| Task prompt |
Without including any pictures, write out all the records word for word.
[Source material]
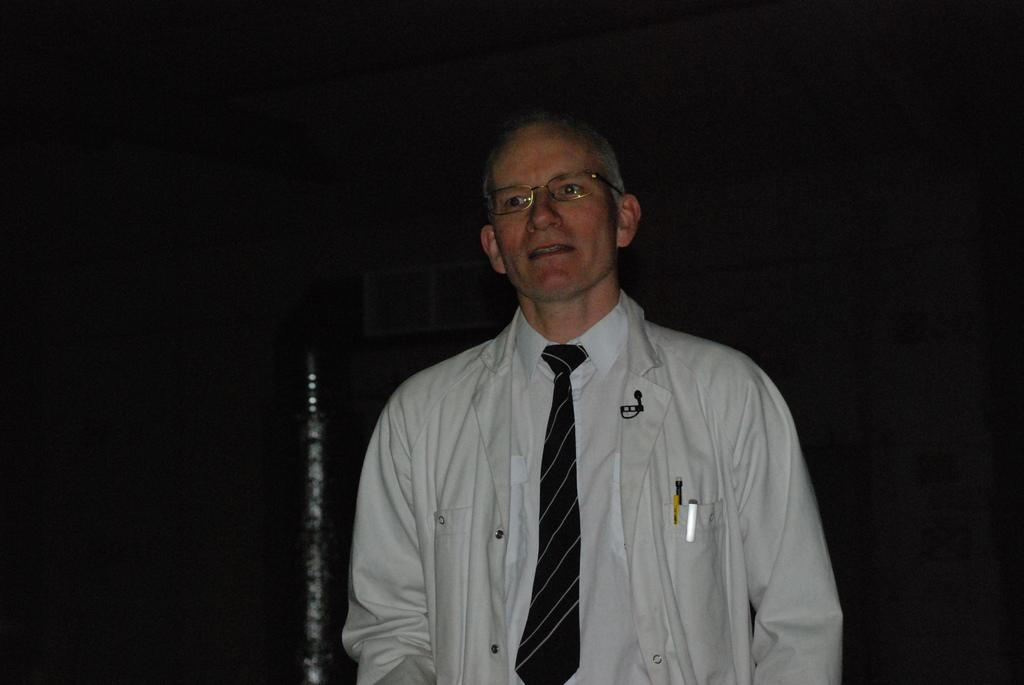Who is present in the image? There is a man in the image. What is the man wearing on his upper body? The man is wearing a white shirt and a white jacket. What type of accessory is the man wearing around his neck? The man is wearing a black tie. What can be observed about the lighting or color of the background in the image? The background of the image is dark. What type of rifle can be seen in the man's hand in the image? There is no rifle present in the image; the man is not holding any object. 
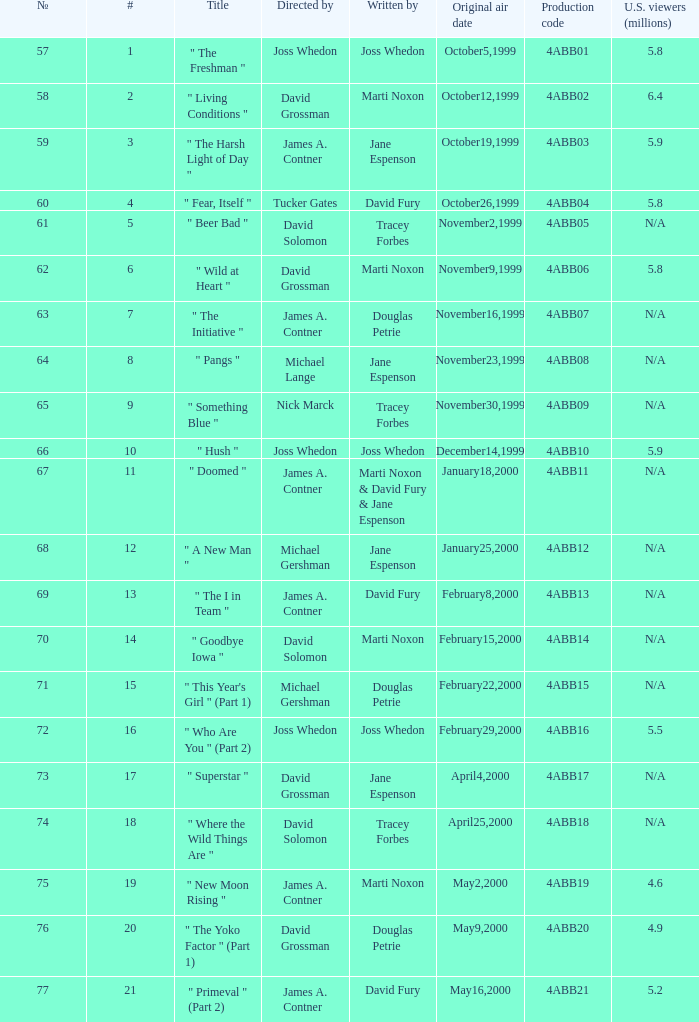What is the heading of episode no. 65? " Something Blue ". 
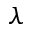Convert formula to latex. <formula><loc_0><loc_0><loc_500><loc_500>\lambda</formula> 
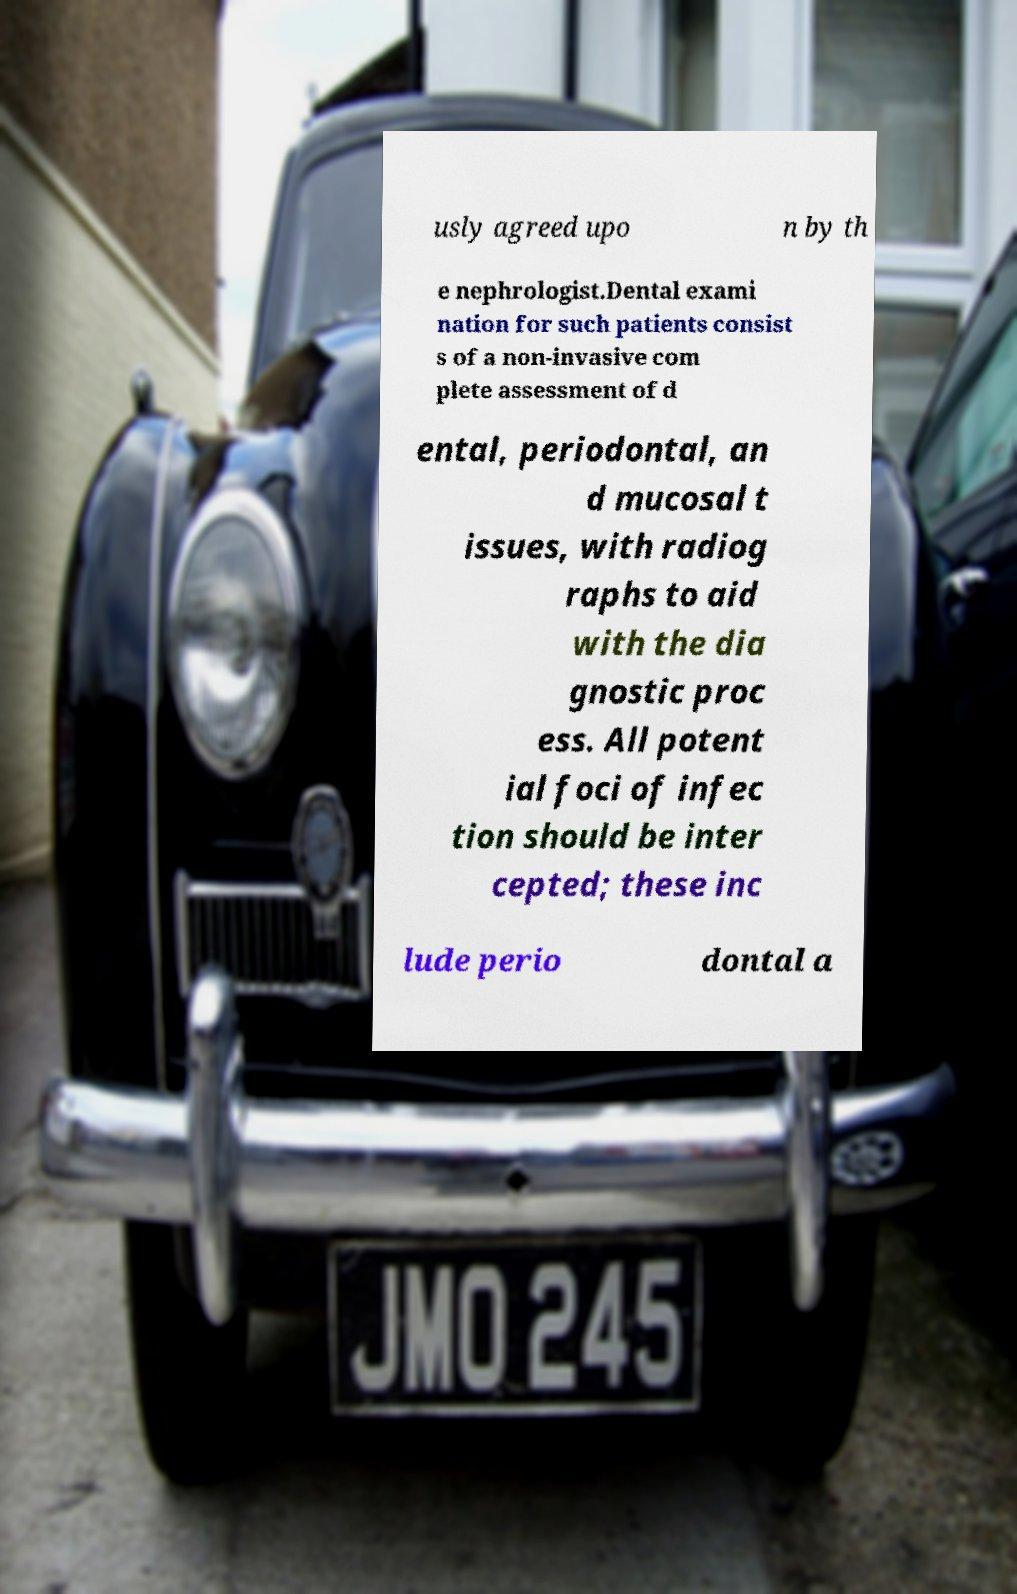There's text embedded in this image that I need extracted. Can you transcribe it verbatim? usly agreed upo n by th e nephrologist.Dental exami nation for such patients consist s of a non-invasive com plete assessment of d ental, periodontal, an d mucosal t issues, with radiog raphs to aid with the dia gnostic proc ess. All potent ial foci of infec tion should be inter cepted; these inc lude perio dontal a 
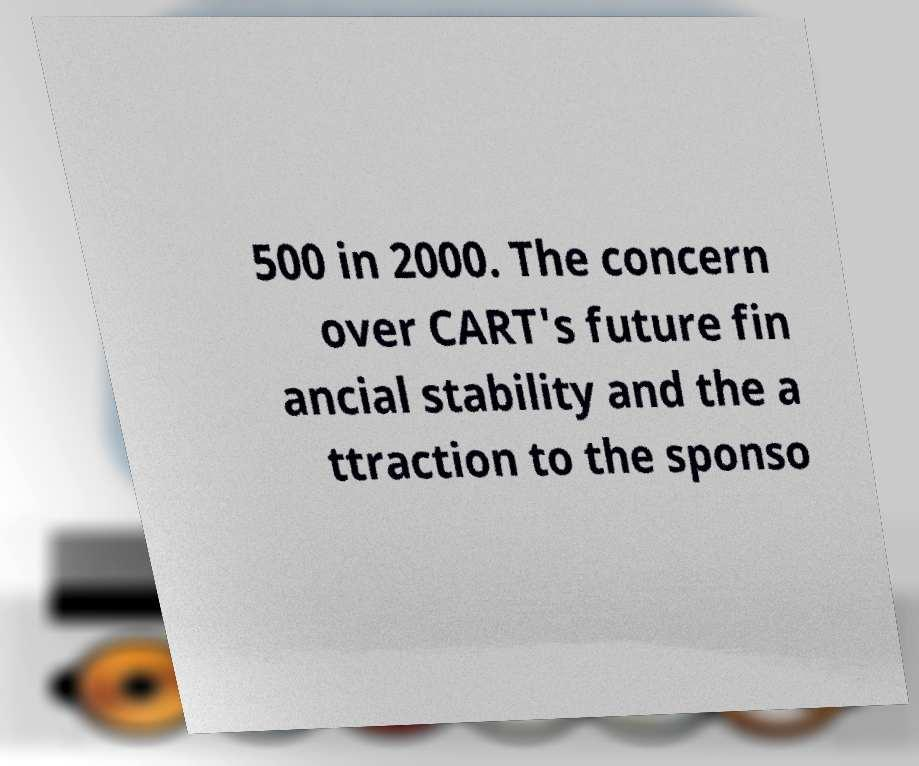What messages or text are displayed in this image? I need them in a readable, typed format. 500 in 2000. The concern over CART's future fin ancial stability and the a ttraction to the sponso
[/Source material]
| Your solution |
Who is present in the image? There is a man in the image. What is the man wearing on his upper body? The man is wearing a white shirt and a white jacket. What type of accessory is the man wearing around his neck? The man is wearing a black tie. What can be observed about the lighting or color of the background in the image? The background of the image is dark. What type of rifle can be seen in the man's hand in the image? There is no rifle present in the image; the man is not holding any object. 
What is the heading of episode no. 65? " Something Blue ". 
Convert formula to latex. <formula><loc_0><loc_0><loc_500><loc_500>\lambda</formula> 
There's text embedded in this image that I need extracted. Can you transcribe it verbatim? usly agreed upo n by th e nephrologist.Dental exami nation for such patients consist s of a non-invasive com plete assessment of d ental, periodontal, an d mucosal t issues, with radiog raphs to aid with the dia gnostic proc ess. All potent ial foci of infec tion should be inter cepted; these inc lude perio dontal a 
What messages or text are displayed in this image? I need them in a readable, typed format. 500 in 2000. The concern over CART's future fin ancial stability and the a ttraction to the sponso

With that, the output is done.